NY1 has been running a story all morning about Bloomberg throwing a hissy fit when a reporter from the New York Observer asked him whether the improving economy negated Bloomberg's decision to impose term limits. It was a completely fair question, and Bloomberg responded by snapping, "Can we get some serious questions, please?" in his trademark bitchy little whine. Well, Bloomie, I guess these are the kinds of questions you can expect to face when you manipulate the democratic process to suit your will. He had an earlier outburst at another press conference when he yelled at a disabled reporter whose tape recorder went off, saying "This is a little more serious than playing music." He later apologized, but still, it was a very douchey moment. I actually think he has done a good job, but he needs to exit gracefully. You served your term, now let somebody else do it!

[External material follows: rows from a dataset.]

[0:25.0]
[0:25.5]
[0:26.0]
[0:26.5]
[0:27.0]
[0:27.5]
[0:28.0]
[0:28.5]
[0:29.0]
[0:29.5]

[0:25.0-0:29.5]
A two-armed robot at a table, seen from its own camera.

If he REALLY has such a massive ego that he thinks he is the only person who can do the job, he should volunteer to serve in the next administration in an economic advisory role. But nooooo, he has to be in charge. I'm pretty fed up with him. But enough of this tirade.

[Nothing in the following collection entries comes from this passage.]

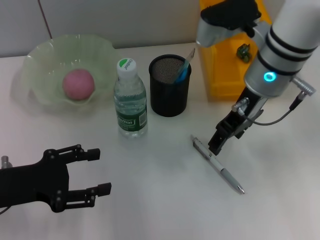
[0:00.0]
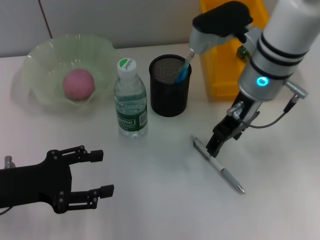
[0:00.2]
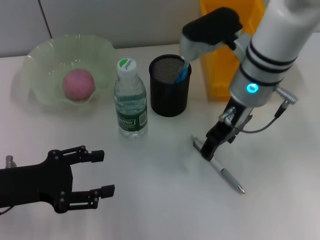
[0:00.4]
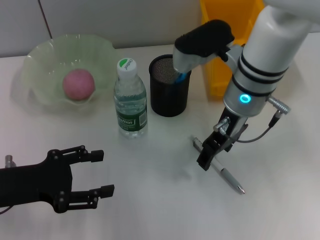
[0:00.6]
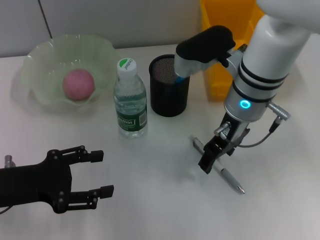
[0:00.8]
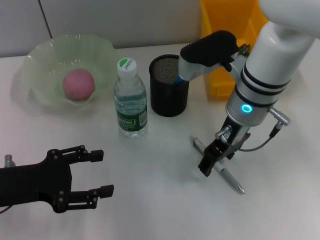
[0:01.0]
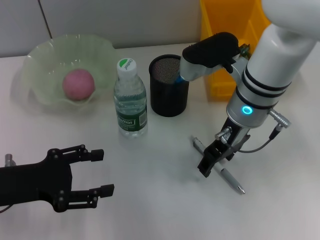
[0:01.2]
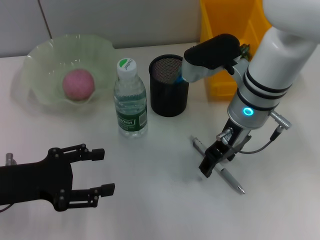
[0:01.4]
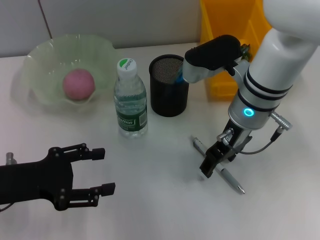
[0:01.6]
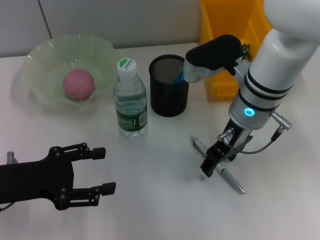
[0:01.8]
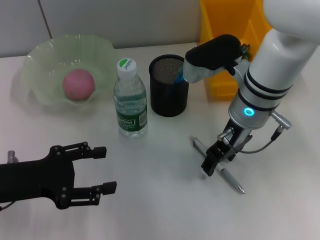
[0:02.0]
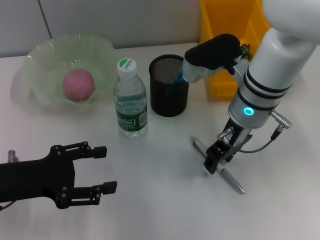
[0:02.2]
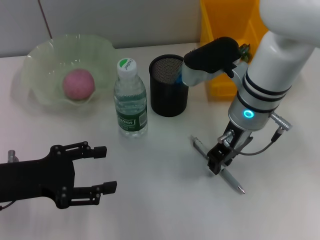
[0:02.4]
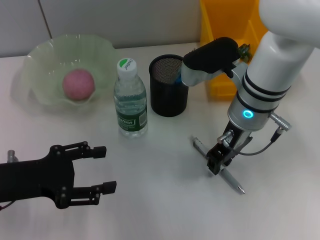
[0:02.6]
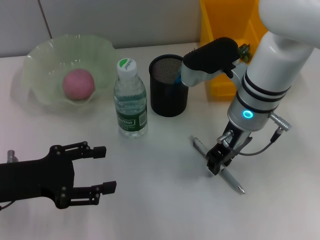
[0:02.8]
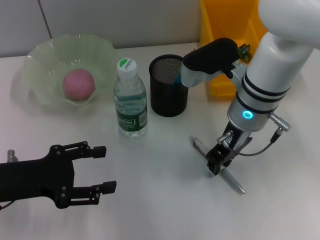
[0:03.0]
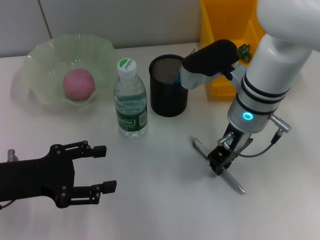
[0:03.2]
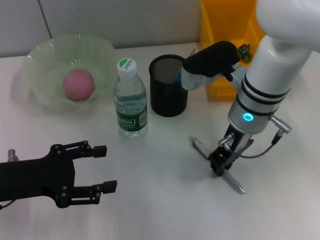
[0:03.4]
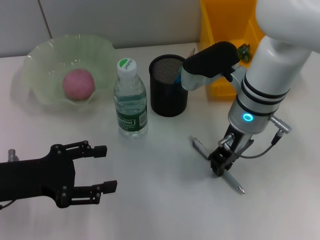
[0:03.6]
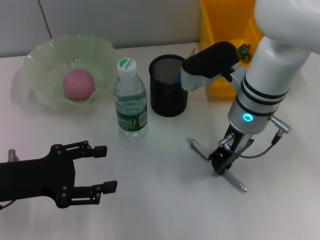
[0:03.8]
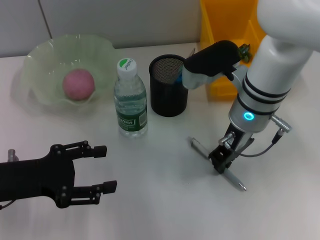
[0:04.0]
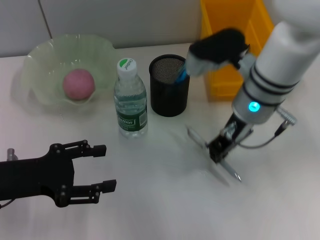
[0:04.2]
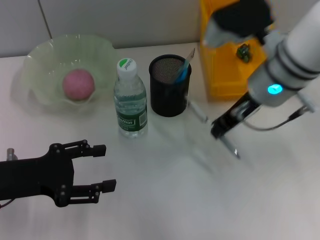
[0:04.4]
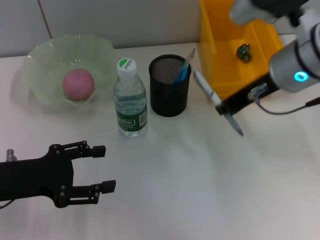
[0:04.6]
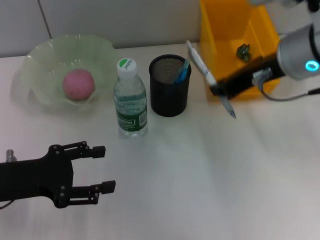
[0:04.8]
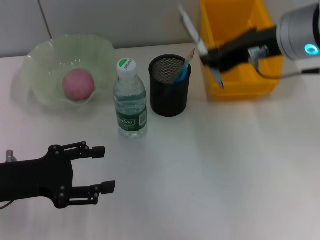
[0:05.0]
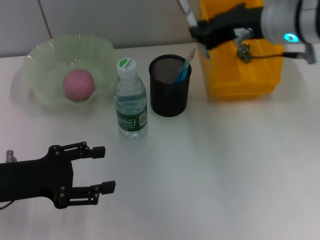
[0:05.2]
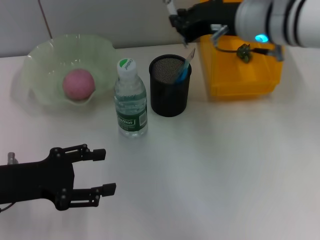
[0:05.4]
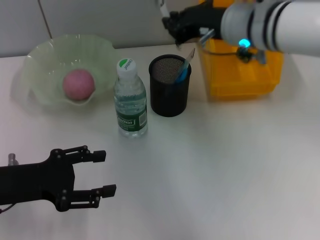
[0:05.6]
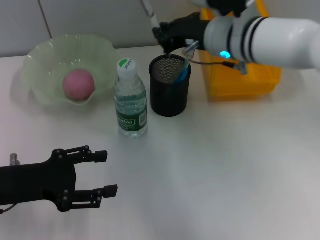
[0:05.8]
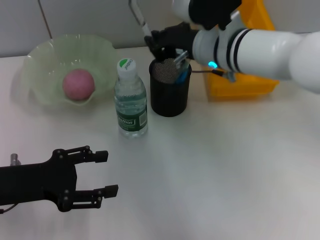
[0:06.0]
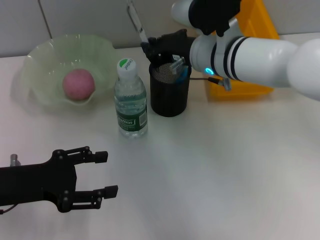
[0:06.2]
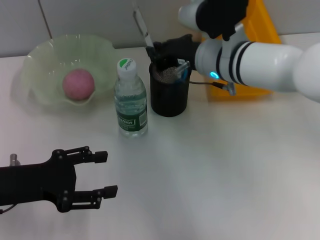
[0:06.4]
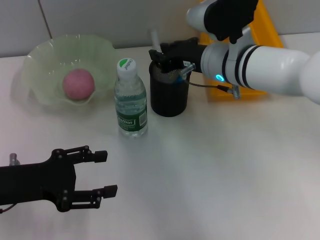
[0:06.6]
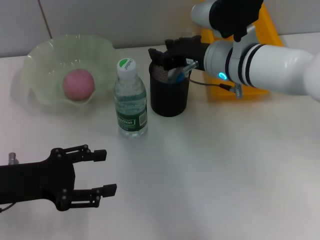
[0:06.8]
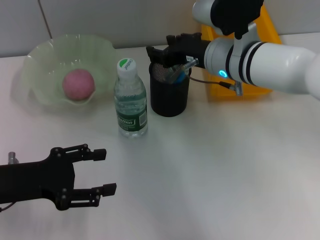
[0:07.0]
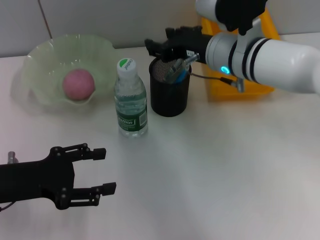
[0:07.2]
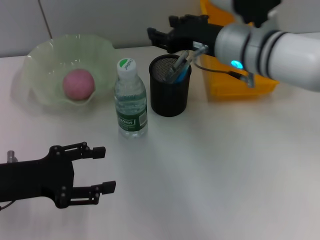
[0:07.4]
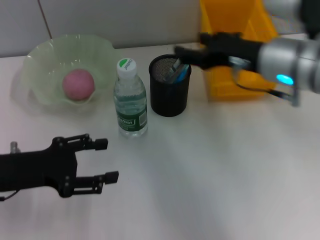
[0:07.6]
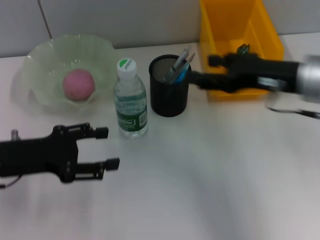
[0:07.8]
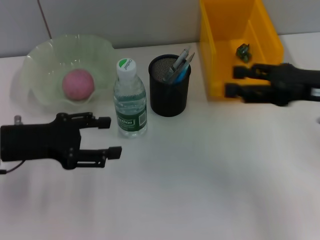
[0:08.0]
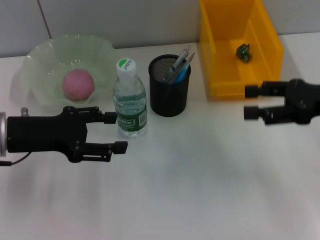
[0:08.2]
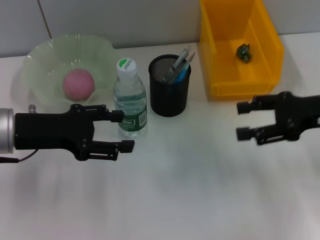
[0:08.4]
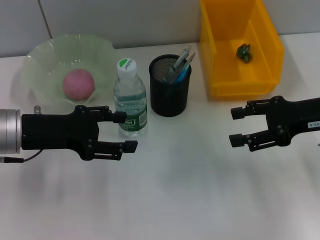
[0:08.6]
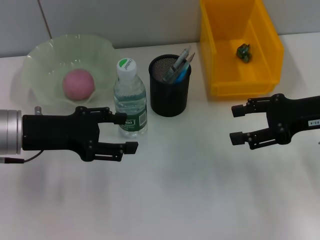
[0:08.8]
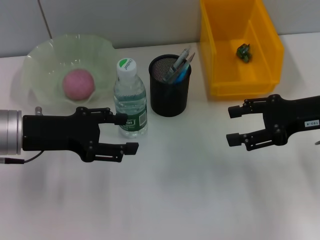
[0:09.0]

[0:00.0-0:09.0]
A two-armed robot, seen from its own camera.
Step, 0:00.0 to 0:03.8: Grab the gray spring-action pen with the right hand.
Step, 0:04.0 to 0:06.6: Place the gray spring-action pen into the pen holder with the right hand.
0:00.0 to 0:01.6: The right gripper moves approximately 5 cm.
0:01.6 to 0:03.0: The right gripper closes.
0:03.0 to 0:04.4: The right gripper shifts approximately 5 cm upward.
0:04.4 to 0:06.0: The right gripper moves forward, some 5 cm.
0:06.0 to 0:07.6: The right gripper goes roughly 10 cm to the right and backward, and opens its fingers.
0:07.6 to 0:09.0: The left gripper moves roughly 5 cm, while the right gripper moves to the right, roughly 10 cm.

I watched quite a bit of NY1 yesterday but never got around to posting. Two things cracked me up. One was a segment by the "Cooking at Home" guy, Dan Eaton. First of all, is that REALLY his name? Secondly, I have never been able to actually follow his recipes, because I start laughing every time he says, "Hiiiiiiiii, I'm Dan Eaton and I'm glad you're heeeeeeeeeeeeere" at the start of the segment and then basically can't stop.
The other hilarious thing was Roma Torrey's report on Tony voters. She did a couple of revealing interviews with two voters who told us exactly how they plan to vote on key categories. These people didn't want to be identified -- fair enough -- but the station went to RIDICULOUS lengths to conceal their identities, even going so far as to use that voice distortion technique they normally reserve for situations like whistle blowers and mafia informants. It was just so WEIRD.
That's all for now. Bon weekend, y'all.